Epilepsy - Surgical Consultation and Therapy
Surgery to reduce or control seizures is a well established option for children and adults with epilepsy when medical therapies have failed.
Surgery may be considered when:
- Medications have failed to control seizures
- The seizures start from one part of the brain
- There is a localized lesion in the brain
- The surgery will not cause damage to important skills like speech, memory or motor function
Surgical evaluation is an extensive process that requires a multidisciplinary team including specialists in neurology, neurosurgery, neurophysiology, neuropathology and neuropsychology. A first step is inpatient EEG-Video monitoring to identify where seizures originate in the brain. Additional testing, such as a brain MRI, helps evaluate brain anatomy. We also perform functional studies like PET or SPECT scans.

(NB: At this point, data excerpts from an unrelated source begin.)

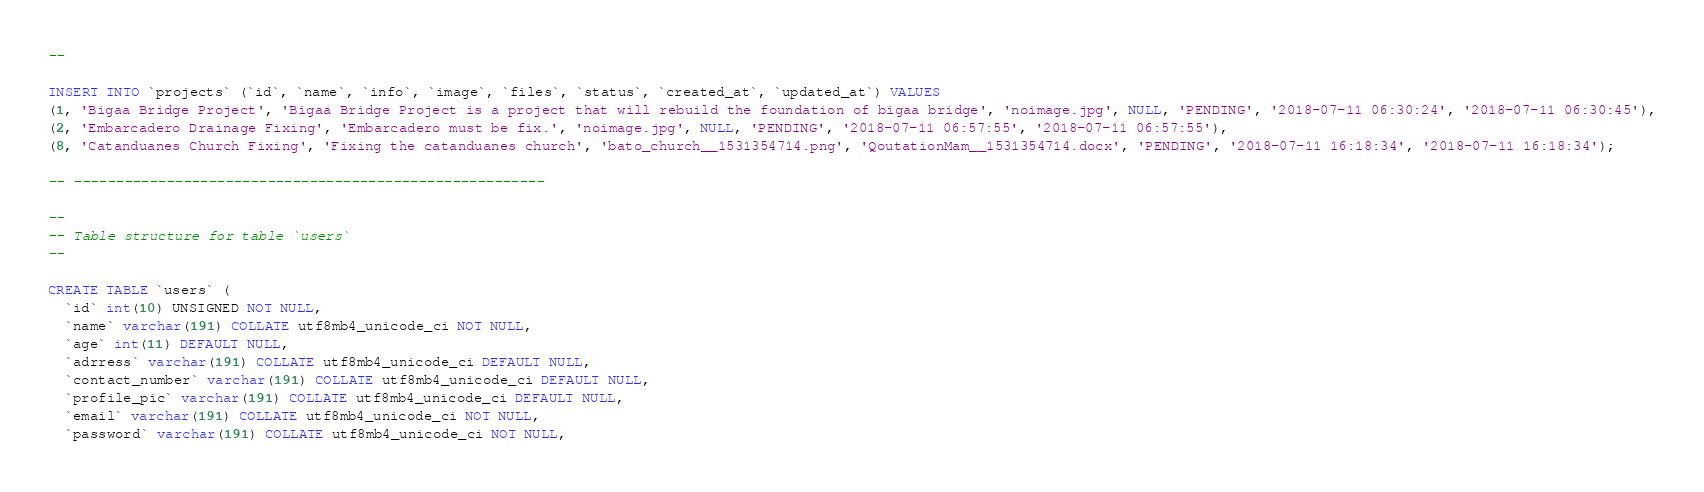Convert code to text. <code><loc_0><loc_0><loc_500><loc_500><_SQL_>--

INSERT INTO `projects` (`id`, `name`, `info`, `image`, `files`, `status`, `created_at`, `updated_at`) VALUES
(1, 'Bigaa Bridge Project', 'Bigaa Bridge Project is a project that will rebuild the foundation of bigaa bridge', 'noimage.jpg', NULL, 'PENDING', '2018-07-11 06:30:24', '2018-07-11 06:30:45'),
(2, 'Embarcadero Drainage Fixing', 'Embarcadero must be fix.', 'noimage.jpg', NULL, 'PENDING', '2018-07-11 06:57:55', '2018-07-11 06:57:55'),
(8, 'Catanduanes Church Fixing', 'Fixing the catanduanes church', 'bato_church__1531354714.png', 'QoutationMam__1531354714.docx', 'PENDING', '2018-07-11 16:18:34', '2018-07-11 16:18:34');

-- --------------------------------------------------------

--
-- Table structure for table `users`
--

CREATE TABLE `users` (
  `id` int(10) UNSIGNED NOT NULL,
  `name` varchar(191) COLLATE utf8mb4_unicode_ci NOT NULL,
  `age` int(11) DEFAULT NULL,
  `adrress` varchar(191) COLLATE utf8mb4_unicode_ci DEFAULT NULL,
  `contact_number` varchar(191) COLLATE utf8mb4_unicode_ci DEFAULT NULL,
  `profile_pic` varchar(191) COLLATE utf8mb4_unicode_ci DEFAULT NULL,
  `email` varchar(191) COLLATE utf8mb4_unicode_ci NOT NULL,
  `password` varchar(191) COLLATE utf8mb4_unicode_ci NOT NULL,</code> 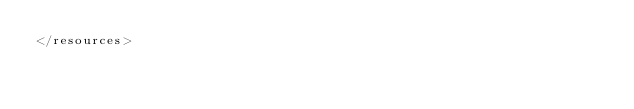Convert code to text. <code><loc_0><loc_0><loc_500><loc_500><_XML_></resources>
</code>

The decision to proceed with a further surgical evaluation and/or intervention is made after each phase of the work-up and comprehensive review of the findings by the epilepsy team.
The choice of surgical procedure depends on the nature of the seizure syndrome. The resection can be small and limited or more extensive.
In addition to stopping or reducing the frequency of seizures, surgical goals are to reduce the amount of medications and improve the child’s development and quality of life.
Recent studies show that earlier surgical evaluation and intervention may increase the chances for a better overall outcome.